Dengan kata lain, Indonesia unggul pada sisi sumber daya dan potensi rantai pasok baterai, sedangkan Thailand masih lebih matang dalam industri manufaktur dan ekspor.
Investasi Global Semakin Terbagi
Dalam beberapa tahun terakhir, produsen otomotif global tidak lagi memilih satu negara sebagai pusat produksi.
Mereka mulai membagi investasi di berbagai negara sesuai keunggulan masing-masing. Indonesia menarik karena pasar domestiknya besar dan memiliki ekosistem baterai, sedangkan Thailand tetap menjadi pilihan untuk produksi kendaraan yang berorientasi ekspor.
Strategi tersebut membuat kedua negara saling melengkapi sekaligus bersaing dalam menarik investasi baru.

Baca Selenegkapnya
Siapa yang Lebih Unggul?
Jika ukuran yang digunakan adalah ekspor dan kematangan industri manufaktur, Thailand masih berada di depan.
Namun, apabila melihat potensi pertumbuhan pasar, investasi baru, dan peluang di era kendaraan listrik, Indonesia memiliki momentum yang sangat kuat untuk mengejar ketertinggalan.
Dengan semakin banyaknya produsen global yang membangun fasilitas produksi di Indonesia, kesenjangan antara kedua negara diperkirakan akan terus menyempit dalam beberapa tahun ke depan.
Persaingan Baru Menentukan Masa Depan Industri ASEAN
Persaingan Indonesia dan Thailand tidak lagi sekadar soal siapa memproduksi mobil lebih banyak. Kini yang diperebutkan adalah posisi sebagai pusat industri otomotif masa depan di Asia Tenggara.

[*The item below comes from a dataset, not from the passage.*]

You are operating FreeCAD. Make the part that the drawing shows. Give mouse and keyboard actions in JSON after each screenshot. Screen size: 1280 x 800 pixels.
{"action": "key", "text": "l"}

Thailand masih memegang keunggulan dalam pengalaman manufaktur dan ekspor, sementara Indonesia menawarkan kombinasi pasar domestik yang besar, sumber daya mineral strategis, dan peluang pengembangan kendaraan listrik.

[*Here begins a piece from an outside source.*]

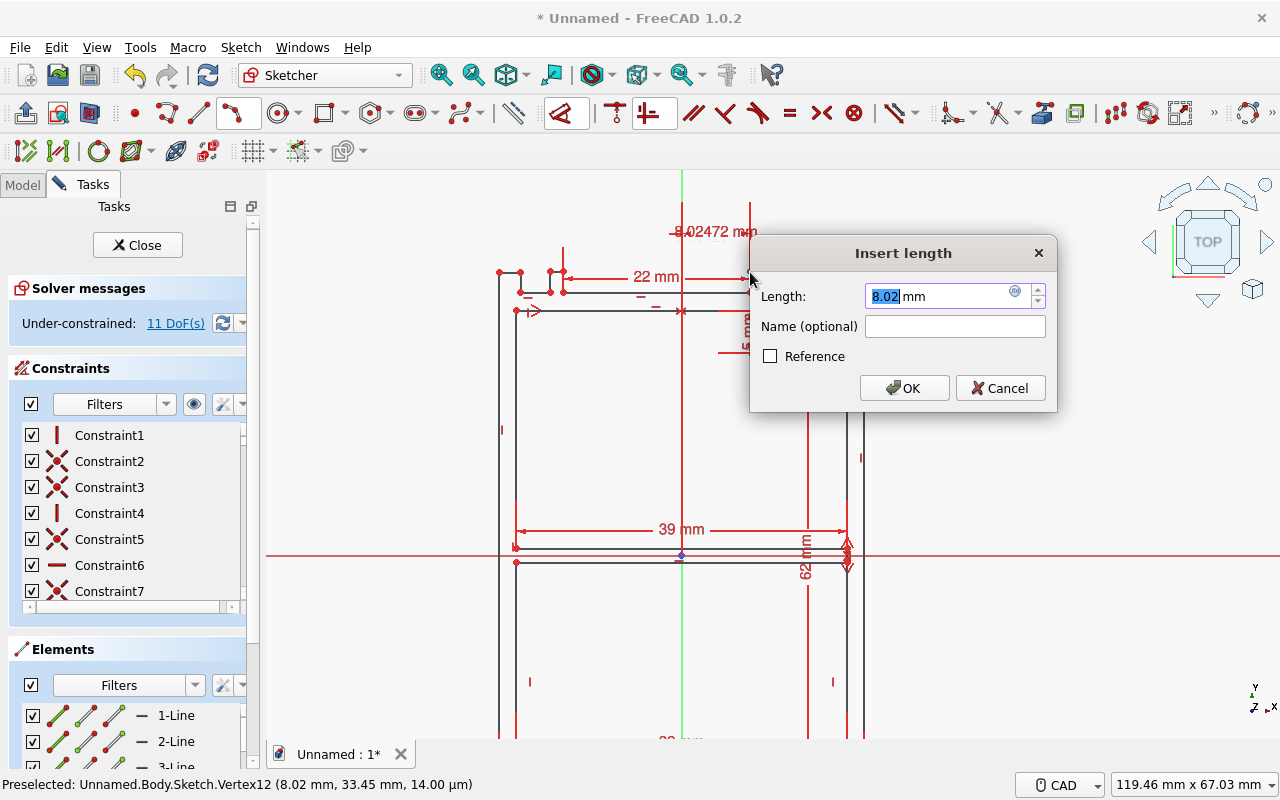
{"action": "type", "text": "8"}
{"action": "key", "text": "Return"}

Bagi produsen global, keduanya bukan lagi pilihan yang saling menggantikan, melainkan bagian dari strategi regional yang saling melengkapi. Namun bagi Indonesia, momentum ini menjadi kesempatan untuk naik kelas dari sekadar pasar otomotif menjadi pusat inovasi, manufaktur, dan ekspor kendaraan di era elektrifikasi. Keberhasilan memanfaatkan peluang tersebut akan sangat bergantung pada konsistensi kebijakan, penguatan industri komponen lokal, serta kesiapan sumber daya manusia menghadapi transformasi industri otomotif.